Items from a dataset =>
*** Block opens ***

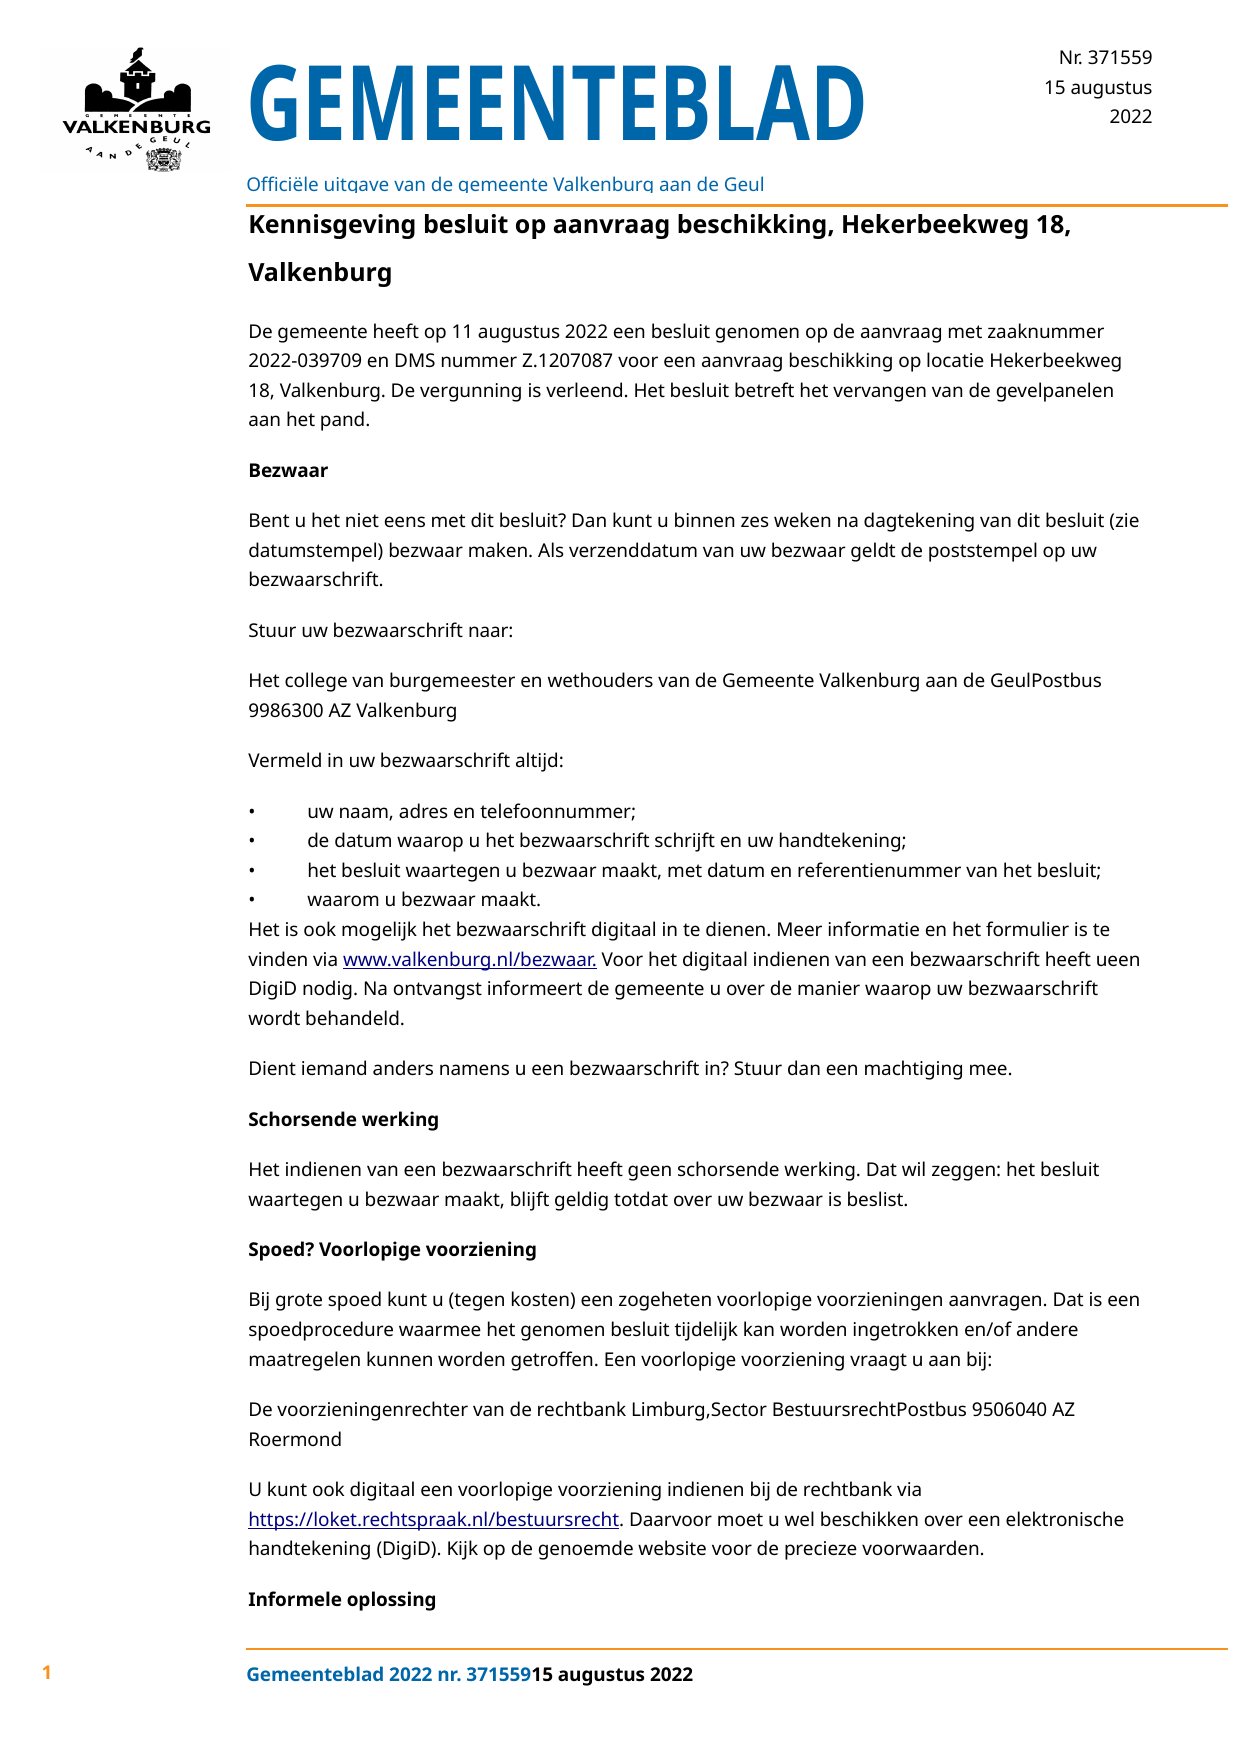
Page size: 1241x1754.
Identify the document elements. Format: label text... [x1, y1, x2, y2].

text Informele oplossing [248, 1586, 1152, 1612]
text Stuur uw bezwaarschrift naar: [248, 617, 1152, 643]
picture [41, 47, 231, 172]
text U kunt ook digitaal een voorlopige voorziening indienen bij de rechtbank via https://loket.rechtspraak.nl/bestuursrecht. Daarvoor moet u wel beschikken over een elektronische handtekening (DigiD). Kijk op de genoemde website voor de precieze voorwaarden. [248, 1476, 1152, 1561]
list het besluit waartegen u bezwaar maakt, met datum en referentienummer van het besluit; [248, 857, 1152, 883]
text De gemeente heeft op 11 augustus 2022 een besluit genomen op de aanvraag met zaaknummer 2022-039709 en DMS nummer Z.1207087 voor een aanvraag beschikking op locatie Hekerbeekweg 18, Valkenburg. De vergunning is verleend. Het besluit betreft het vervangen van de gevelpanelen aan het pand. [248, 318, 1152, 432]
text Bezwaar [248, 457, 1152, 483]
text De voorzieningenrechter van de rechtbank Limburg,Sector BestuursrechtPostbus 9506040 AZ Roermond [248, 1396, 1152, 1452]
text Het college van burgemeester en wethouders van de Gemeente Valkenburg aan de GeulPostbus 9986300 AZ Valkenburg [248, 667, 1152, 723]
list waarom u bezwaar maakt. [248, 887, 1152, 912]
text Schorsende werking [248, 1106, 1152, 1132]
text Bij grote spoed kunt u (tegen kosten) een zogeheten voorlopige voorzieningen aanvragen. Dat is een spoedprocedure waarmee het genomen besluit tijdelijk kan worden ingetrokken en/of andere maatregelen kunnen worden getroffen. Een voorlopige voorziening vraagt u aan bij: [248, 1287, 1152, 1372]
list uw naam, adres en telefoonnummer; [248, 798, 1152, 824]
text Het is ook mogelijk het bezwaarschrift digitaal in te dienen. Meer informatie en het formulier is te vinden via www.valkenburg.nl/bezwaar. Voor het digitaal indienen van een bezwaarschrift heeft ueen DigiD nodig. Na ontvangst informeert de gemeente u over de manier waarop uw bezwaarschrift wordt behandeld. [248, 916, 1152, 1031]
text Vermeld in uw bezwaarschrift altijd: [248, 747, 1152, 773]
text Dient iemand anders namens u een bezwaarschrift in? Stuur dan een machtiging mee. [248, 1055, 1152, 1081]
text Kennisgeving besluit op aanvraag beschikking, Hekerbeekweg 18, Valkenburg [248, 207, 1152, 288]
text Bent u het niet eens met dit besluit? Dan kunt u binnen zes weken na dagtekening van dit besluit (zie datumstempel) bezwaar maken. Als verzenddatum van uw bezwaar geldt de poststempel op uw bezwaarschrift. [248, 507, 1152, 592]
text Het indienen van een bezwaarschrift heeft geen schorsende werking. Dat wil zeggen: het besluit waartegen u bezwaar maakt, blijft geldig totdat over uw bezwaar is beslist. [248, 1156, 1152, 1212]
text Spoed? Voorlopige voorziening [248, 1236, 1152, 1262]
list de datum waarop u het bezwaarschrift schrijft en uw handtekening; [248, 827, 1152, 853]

*** Block closes ***

WHAT THE TASK REQUIRES =>
Output every entry exactly, leaving out pictures.

OUTPUT BELOW =>
Page size: 1241x1754.
Identify the document elements. Format: label text... [x1, y1, x2, y2].

text Informele oplossing [248, 1586, 1152, 1612]
text Stuur uw bezwaarschrift naar: [248, 617, 1152, 643]
picture [41, 47, 231, 172]
text U kunt ook digitaal een voorlopige voorziening indienen bij de rechtbank via https://loket.rechtspraak.nl/bestuursrecht. Daarvoor moet u wel beschikken over een elektronische handtekening (DigiD). Kijk op de genoemde website voor de precieze voorwaarden. [248, 1476, 1152, 1561]
list het besluit waartegen u bezwaar maakt, met datum en referentienummer van het besluit; [248, 857, 1152, 883]
text De gemeente heeft op 11 augustus 2022 een besluit genomen op de aanvraag met zaaknummer 2022-039709 en DMS nummer Z.1207087 voor een aanvraag beschikking op locatie Hekerbeekweg 18, Valkenburg. De vergunning is verleend. Het besluit betreft het vervangen van de gevelpanelen aan het pand. [248, 318, 1152, 432]
text Bezwaar [248, 457, 1152, 483]
text De voorzieningenrechter van de rechtbank Limburg,Sector BestuursrechtPostbus 9506040 AZ Roermond [248, 1396, 1152, 1452]
text Het college van burgemeester en wethouders van de Gemeente Valkenburg aan de GeulPostbus 9986300 AZ Valkenburg [248, 667, 1152, 723]
list waarom u bezwaar maakt. [248, 887, 1152, 912]
text Schorsende werking [248, 1106, 1152, 1132]
text Bij grote spoed kunt u (tegen kosten) een zogeheten voorlopige voorzieningen aanvragen. Dat is een spoedprocedure waarmee het genomen besluit tijdelijk kan worden ingetrokken en/of andere maatregelen kunnen worden getroffen. Een voorlopige voorziening vraagt u aan bij: [248, 1287, 1152, 1372]
list uw naam, adres en telefoonnummer; [248, 798, 1152, 824]
text Het is ook mogelijk het bezwaarschrift digitaal in te dienen. Meer informatie en het formulier is te vinden via www.valkenburg.nl/bezwaar. Voor het digitaal indienen van een bezwaarschrift heeft ueen DigiD nodig. Na ontvangst informeert de gemeente u over de manier waarop uw bezwaarschrift wordt behandeld. [248, 916, 1152, 1031]
text Vermeld in uw bezwaarschrift altijd: [248, 747, 1152, 773]
text Dient iemand anders namens u een bezwaarschrift in? Stuur dan een machtiging mee. [248, 1055, 1152, 1081]
text Kennisgeving besluit op aanvraag beschikking, Hekerbeekweg 18, Valkenburg [248, 207, 1152, 288]
text Bent u het niet eens met dit besluit? Dan kunt u binnen zes weken na dagtekening van dit besluit (zie datumstempel) bezwaar maken. Als verzenddatum van uw bezwaar geldt de poststempel op uw bezwaarschrift. [248, 507, 1152, 592]
text Het indienen van een bezwaarschrift heeft geen schorsende werking. Dat wil zeggen: het besluit waartegen u bezwaar maakt, blijft geldig totdat over uw bezwaar is beslist. [248, 1156, 1152, 1212]
text Spoed? Voorlopige voorziening [248, 1236, 1152, 1262]
list de datum waarop u het bezwaarschrift schrijft en uw handtekening; [248, 827, 1152, 853]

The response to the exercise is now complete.